§ **YOUR INSTRUCTIONS**:
Could you return each entry below exactly as written, minus any pictures?

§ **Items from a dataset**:

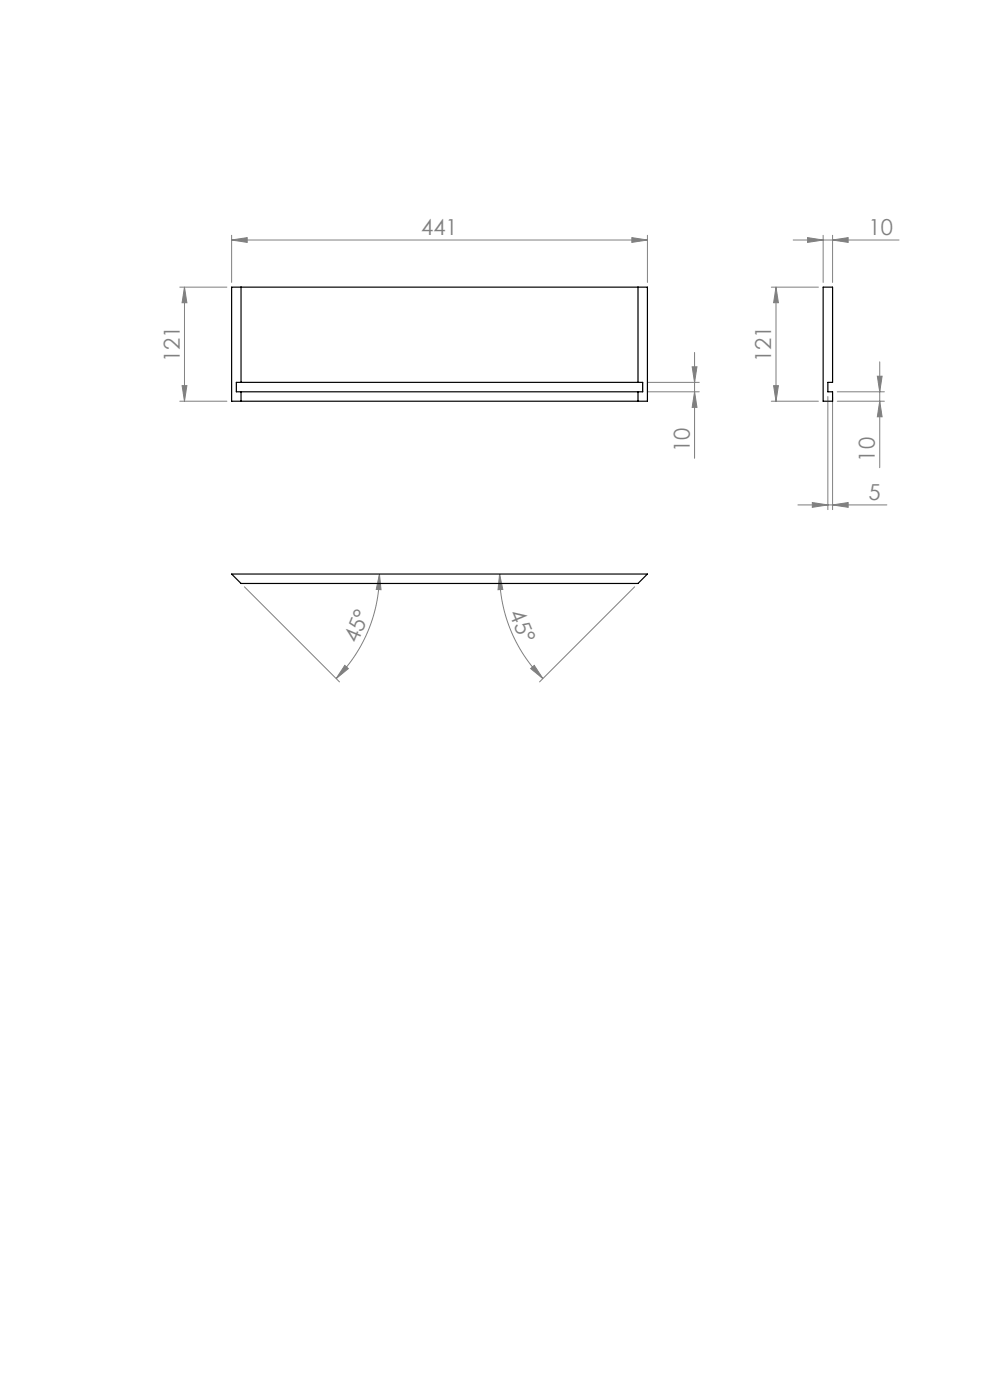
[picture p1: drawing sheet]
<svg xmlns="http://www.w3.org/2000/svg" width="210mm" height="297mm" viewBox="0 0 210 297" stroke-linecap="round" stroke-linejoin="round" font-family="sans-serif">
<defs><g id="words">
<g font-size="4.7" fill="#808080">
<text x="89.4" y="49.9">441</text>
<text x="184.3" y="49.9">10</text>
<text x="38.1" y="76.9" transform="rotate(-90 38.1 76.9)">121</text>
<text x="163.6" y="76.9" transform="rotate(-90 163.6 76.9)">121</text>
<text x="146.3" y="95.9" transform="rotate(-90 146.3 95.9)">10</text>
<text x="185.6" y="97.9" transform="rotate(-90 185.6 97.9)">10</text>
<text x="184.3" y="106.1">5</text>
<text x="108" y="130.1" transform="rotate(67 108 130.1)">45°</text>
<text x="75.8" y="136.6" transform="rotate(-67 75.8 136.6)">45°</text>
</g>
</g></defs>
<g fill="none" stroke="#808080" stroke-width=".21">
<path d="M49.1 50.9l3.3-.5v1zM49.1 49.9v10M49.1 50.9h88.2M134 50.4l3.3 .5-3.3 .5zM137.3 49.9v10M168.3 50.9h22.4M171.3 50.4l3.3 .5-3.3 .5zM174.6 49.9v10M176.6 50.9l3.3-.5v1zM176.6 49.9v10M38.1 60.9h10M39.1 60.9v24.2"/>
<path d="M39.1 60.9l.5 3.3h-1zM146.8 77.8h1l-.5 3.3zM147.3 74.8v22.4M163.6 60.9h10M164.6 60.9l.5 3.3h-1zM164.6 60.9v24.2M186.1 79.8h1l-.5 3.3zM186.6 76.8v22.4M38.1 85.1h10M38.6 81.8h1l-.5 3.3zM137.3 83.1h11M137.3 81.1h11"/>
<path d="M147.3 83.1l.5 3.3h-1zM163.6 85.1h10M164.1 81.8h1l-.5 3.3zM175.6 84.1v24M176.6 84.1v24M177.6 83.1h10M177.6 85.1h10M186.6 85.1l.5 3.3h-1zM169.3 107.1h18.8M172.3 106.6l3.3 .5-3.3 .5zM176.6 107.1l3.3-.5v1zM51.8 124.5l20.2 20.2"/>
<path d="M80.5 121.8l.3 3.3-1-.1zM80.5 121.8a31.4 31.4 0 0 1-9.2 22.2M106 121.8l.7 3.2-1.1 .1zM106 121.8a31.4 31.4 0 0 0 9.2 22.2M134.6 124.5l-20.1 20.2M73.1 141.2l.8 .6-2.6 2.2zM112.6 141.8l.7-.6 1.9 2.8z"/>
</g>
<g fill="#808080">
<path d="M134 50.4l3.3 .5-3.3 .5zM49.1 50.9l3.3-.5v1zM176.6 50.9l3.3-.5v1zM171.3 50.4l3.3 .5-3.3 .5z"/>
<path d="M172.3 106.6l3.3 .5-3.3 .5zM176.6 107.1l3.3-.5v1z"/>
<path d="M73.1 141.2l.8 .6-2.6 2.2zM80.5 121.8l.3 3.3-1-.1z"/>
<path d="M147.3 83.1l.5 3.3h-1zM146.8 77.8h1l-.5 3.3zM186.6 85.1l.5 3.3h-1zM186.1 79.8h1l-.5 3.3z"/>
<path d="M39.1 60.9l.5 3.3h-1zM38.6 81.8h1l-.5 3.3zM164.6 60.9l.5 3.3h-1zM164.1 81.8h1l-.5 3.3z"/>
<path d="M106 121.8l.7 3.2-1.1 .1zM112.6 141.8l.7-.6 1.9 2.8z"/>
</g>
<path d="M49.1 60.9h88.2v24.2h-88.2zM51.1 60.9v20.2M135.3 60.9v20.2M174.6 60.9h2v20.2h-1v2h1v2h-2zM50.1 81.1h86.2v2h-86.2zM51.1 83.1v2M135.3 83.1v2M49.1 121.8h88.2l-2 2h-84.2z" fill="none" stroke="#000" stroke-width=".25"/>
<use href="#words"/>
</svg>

§ **COMPLETED EXERCISE**:
[picture p1: drawing sheet]
<svg xmlns="http://www.w3.org/2000/svg" width="210mm" height="297mm" viewBox="0 0 210 297" stroke-linecap="round" stroke-linejoin="round" font-family="sans-serif">
<defs><g id="words">
<g font-size="4.7" fill="#808080">
<text x="89.4" y="49.9">441</text>
<text x="184.3" y="49.9">10</text>
<text x="38.1" y="76.9" transform="rotate(-90 38.1 76.9)">121</text>
<text x="163.6" y="76.9" transform="rotate(-90 163.6 76.9)">121</text>
<text x="146.3" y="95.9" transform="rotate(-90 146.3 95.9)">10</text>
<text x="185.6" y="97.9" transform="rotate(-90 185.6 97.9)">10</text>
<text x="184.3" y="106.1">5</text>
<text x="108" y="130.1" transform="rotate(67 108 130.1)">45°</text>
<text x="75.8" y="136.6" transform="rotate(-67 75.8 136.6)">45°</text>
</g>
</g></defs>
<g fill="none" stroke="#808080" stroke-width=".21">
<path d="M49.1 50.9l3.3-.5v1zM49.1 49.9v10M49.1 50.9h88.2M134 50.4l3.3 .5-3.3 .5zM137.3 49.9v10M168.3 50.9h22.4M171.3 50.4l3.3 .5-3.3 .5zM174.6 49.9v10M176.6 50.9l3.3-.5v1zM176.6 49.9v10M38.1 60.9h10M39.1 60.9v24.2"/>
<path d="M39.1 60.9l.5 3.3h-1zM146.8 77.8h1l-.5 3.3zM147.3 74.8v22.4M163.6 60.9h10M164.6 60.9l.5 3.3h-1zM164.6 60.9v24.2M186.1 79.8h1l-.5 3.3zM186.6 76.8v22.4M38.1 85.1h10M38.6 81.8h1l-.5 3.3zM137.3 83.1h11M137.3 81.1h11"/>
<path d="M147.3 83.1l.5 3.3h-1zM163.6 85.1h10M164.1 81.8h1l-.5 3.3zM175.6 84.1v24M176.6 84.1v24M177.6 83.1h10M177.6 85.1h10M186.6 85.1l.5 3.3h-1zM169.3 107.1h18.8M172.3 106.6l3.3 .5-3.3 .5zM176.6 107.1l3.3-.5v1zM51.8 124.5l20.2 20.2"/>
<path d="M80.5 121.8l.3 3.3-1-.1zM80.5 121.8a31.4 31.4 0 0 1-9.2 22.2M106 121.8l.7 3.2-1.1 .1zM106 121.8a31.4 31.4 0 0 0 9.2 22.2M134.6 124.5l-20.1 20.2M73.1 141.2l.8 .6-2.6 2.2zM112.6 141.8l.7-.6 1.9 2.8z"/>
</g>
<g fill="#808080">
<path d="M134 50.4l3.3 .5-3.3 .5zM49.1 50.9l3.3-.5v1zM176.6 50.9l3.3-.5v1zM171.3 50.4l3.3 .5-3.3 .5z"/>
<path d="M172.3 106.6l3.3 .5-3.3 .5zM176.6 107.1l3.3-.5v1z"/>
<path d="M73.1 141.2l.8 .6-2.6 2.2zM80.5 121.8l.3 3.3-1-.1z"/>
<path d="M147.3 83.1l.5 3.3h-1zM146.8 77.8h1l-.5 3.3zM186.6 85.1l.5 3.3h-1zM186.1 79.8h1l-.5 3.3z"/>
<path d="M39.1 60.9l.5 3.3h-1zM38.6 81.8h1l-.5 3.3zM164.6 60.9l.5 3.3h-1zM164.1 81.8h1l-.5 3.3z"/>
<path d="M106 121.8l.7 3.2-1.1 .1zM112.6 141.8l.7-.6 1.9 2.8z"/>
</g>
<path d="M49.1 60.9h88.2v24.2h-88.2zM51.1 60.9v20.2M135.3 60.9v20.2M174.6 60.9h2v20.2h-1v2h1v2h-2zM50.1 81.1h86.2v2h-86.2zM51.1 83.1v2M135.3 83.1v2M49.1 121.8h88.2l-2 2h-84.2z" fill="none" stroke="#000" stroke-width=".25"/>
<use href="#words"/>
</svg>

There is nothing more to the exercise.